Sahidullah Munshi, J.@mdashThis revisional application is directed against Order No. 41 dated 7th April, 2011 by which the learned Trial Judge

rejected an application dated 20th March, 2007 under Order VII Rule 11 of the Code of Civil Procedure. The application which was filed by the

defendant/petitioner under Order VII Rule 11 has been annexed as Annexure P-5 to this revisional application. When the revisional application

was admitted by this Court an order was passed on 15th June, 2011 and it has been observed in the said order as follows :

This interim order is passed considering the fact that recent amendments in the West Bengal Thika Tenancy (Acquisition and Regulation) Act,

2001 were not adverted to and hence the order, prima facie, borders on perversity.

2. The petitioner has filed a supplementary affidavit today with which a copy of the said order has been annexed. The supplementary affidavit has

been filed to bring in certain facts which are sequel to the observation contained in the said order passed by this Hon''ble Court.

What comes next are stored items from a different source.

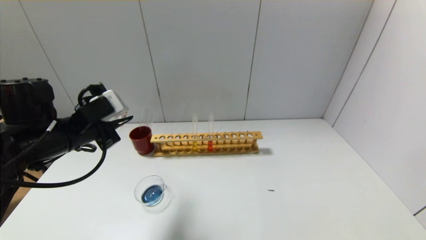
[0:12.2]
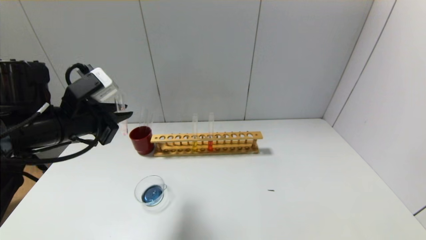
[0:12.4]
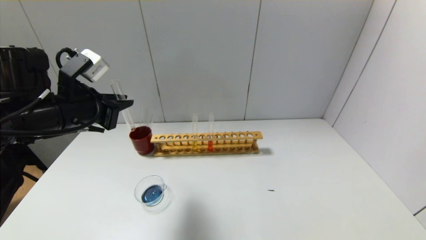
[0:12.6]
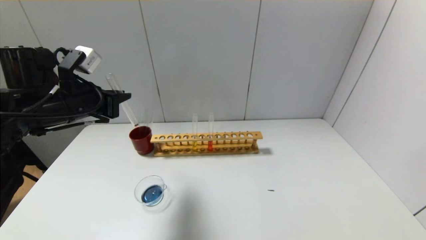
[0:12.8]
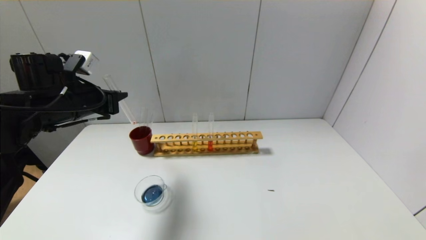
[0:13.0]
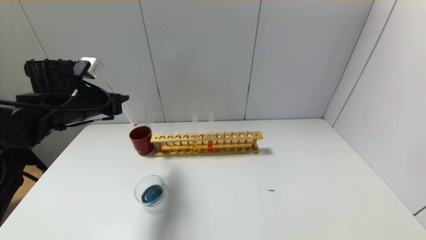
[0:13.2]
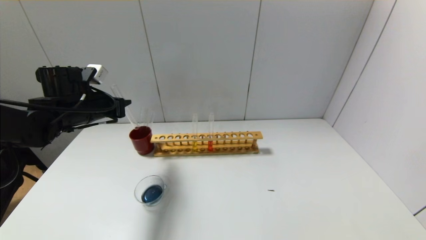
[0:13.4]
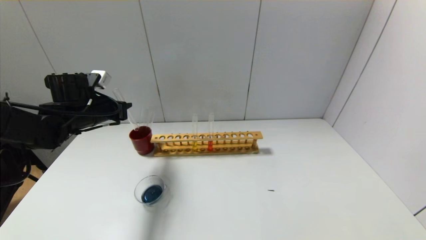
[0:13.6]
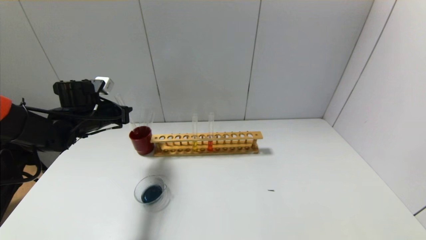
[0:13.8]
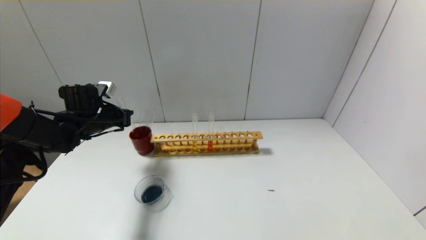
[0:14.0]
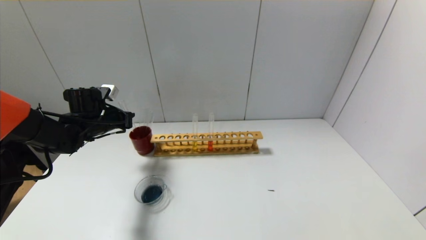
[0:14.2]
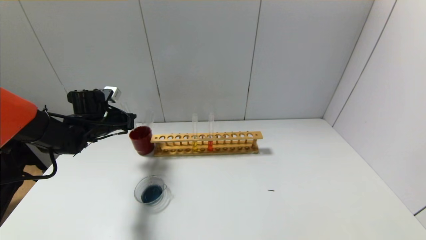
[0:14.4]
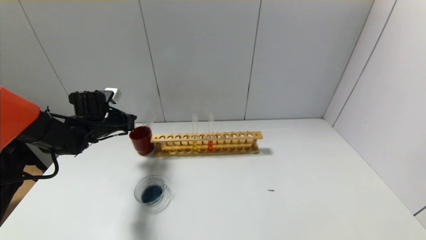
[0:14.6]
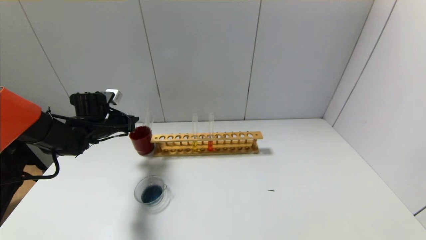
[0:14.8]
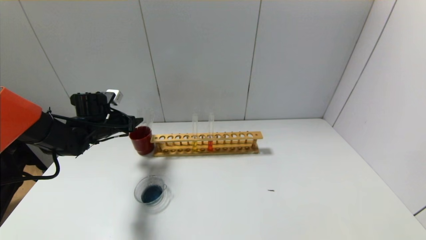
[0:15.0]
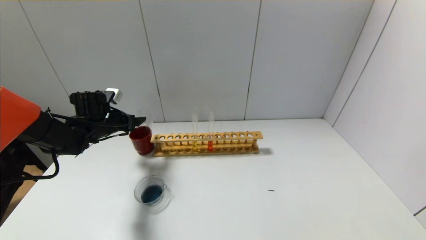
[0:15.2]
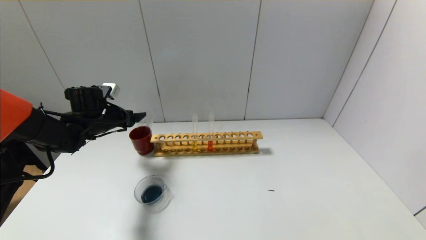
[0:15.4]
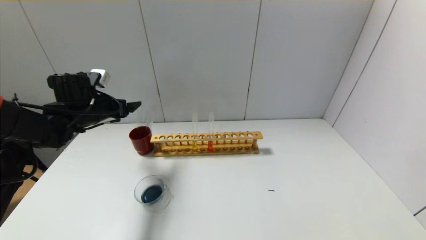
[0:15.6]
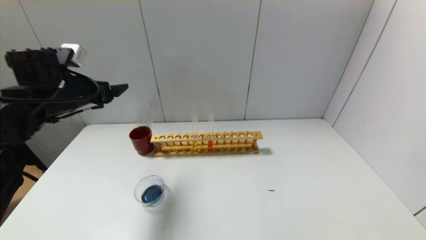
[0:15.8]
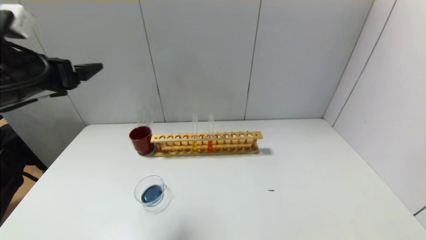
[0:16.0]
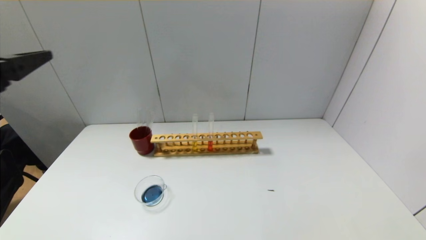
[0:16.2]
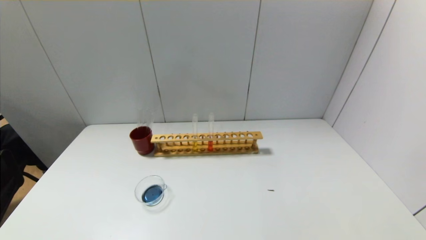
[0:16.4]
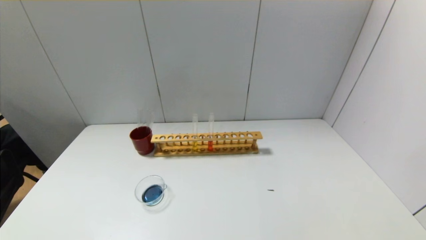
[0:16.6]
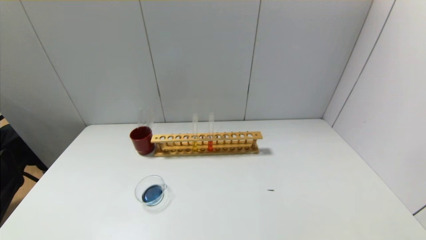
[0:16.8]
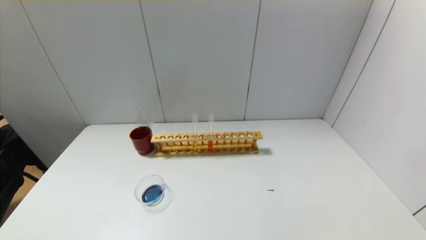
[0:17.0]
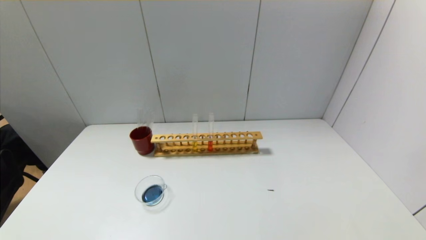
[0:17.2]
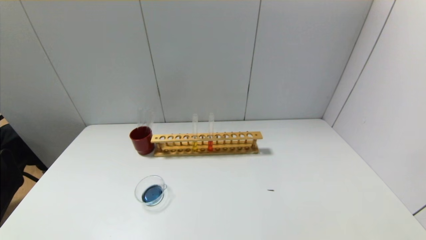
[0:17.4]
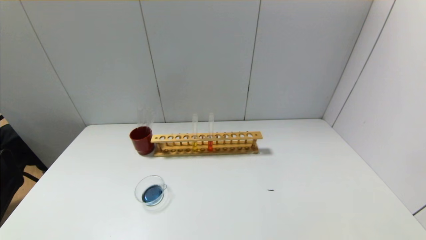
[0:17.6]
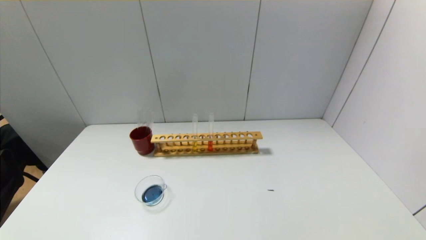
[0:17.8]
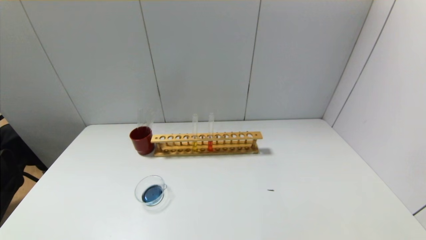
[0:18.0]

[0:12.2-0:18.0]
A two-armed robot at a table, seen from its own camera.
Step, 0:12.2 to 0:14.8: Place the test tube into the brown cup with the left gripper.
0:12.2 to 0:13.6: The left gripper is displaced forward by about 10 cm.
0:13.6 to 0:15.0: The left gripper travels downward by roughly 5 cm, and opens up.
0:15.0 to 0:16.6: The left gripper goes about 50 cm backward, and opens its fingers.

3. In the application under Order VII Rule 11 the defendant/petitioner has made out a case that the plaint has been filed without any proper cause

of action and the same is barred by law. It has been further added that plaintiff has made Postal Department, Government of India, and others as

parties being defendant Nos. 3 to 5 but no statutory notice as required under Section 80 of the Code of Civil Procedure was issued before filing of

the suit and, therefore, the suit is also barred by law. The defendant/petitioner has also made out a case in their application that under Order VII

Rule 11 of the Code the plaint is liable to be rejected at the threshold because of the provisions of Waqf Act, 1995 particularly when Section 85 of

the Waqf Act, 1995 bars the jurisdiction of Civil Court in respect of a suit or a legal proceeding regarding any dispute relating to Waqf. They

claimed that the suit is barred by the provisions of Thika Tenancy Act and that the suit is also barred by the provisions of Specific Relief Act and

further that the plaint is liable to be rejected since the reliefs have been claimed by the plaintiff against the persons with whom the plaintiff has or

had no privity of contract. On these grounds the defendant/petitioner agitated before the learned Court below that the plaint is liable to be rejected

under the provisions of Order VII Rule 11 of the Code of Civil Procedure. On perusal of the plaint averment and the application under Order VII

Rule 11 of the Code of Civil Procedure the learned Court below passed the impugned order and made certain observations in support of its

decision to reject the application filed by the defendant/petitioner under Order VII Rule 11 of the Code of Civil Procedure. Mr. Ali, learned senior

advocate appearing for the petitioner submits that the order impugned is not sustainable in law and the same is liable to be set aside for the reasons

that the learned Court has not taken into consideration the grounds which were made out in support of rejection of plaint. He submits that the

learned Court, while coming into conclusion to reject the application filed by the plaintiff on 20th March, 2007, made certain observation which is

diametrically opposite to the conclusion he made. He submits that although, the learned Judge took note of the Waqf Act and the bar provided

thereunder, the learned Court has erred in law in not holding that in view of the provisions of the Waqf Act the suit may not be filed before the Civil

Court. Such observation of the Court has not been reflected in his ultimate decision. The learned advocate has also drawn the attention of the

Court that some other observation has also been made which has got no reflection in his decision. Mr. Ali further submits that the property in

question is a Thika land which is apparent from the averment made in the plaint to the effect that an open land was leased out with a right to the

lessee to make construction thereon and further that the said lease was assigned to his client subsequently. He submits that in view of Section 21 of

the Calcutta Thika Tenancy (Acquisition and Regulation) Act, 2001, Civil Court''s jurisdiction has been totally barred which has to be decided by

the Thika Tenancy Controller.

4. Mr. Tapas Kumar Mondal, appearing for the opposite parties, has supported the impugned order and submits that application under Order VII

Rule 11 was not maintainable and the learned Court below has rightly rejected the same. The learned advocate submits that even no pleading has

been made by the defendant/petitioner before the Court and they only urged before the Court to reject the plaint without disclosing any materials

by filing a written statement, although, according to the provisions of the Civil Procedure Code, written statement is required to be filed within a

specified period of time. According to the learned advocate, the revisional application should be rejected and the order impugned should be

upheld. The said learned advocate for the opposite party also submits that the suit is maintainable and cannot be barred under Section 21 of the

Thika Tenancy Act. If at all necessary the petitioner should have first gone before the Thika Tenancy Controller for a decision whether the

property is thika tenancy property or not but in the present suit this question cannot be decided.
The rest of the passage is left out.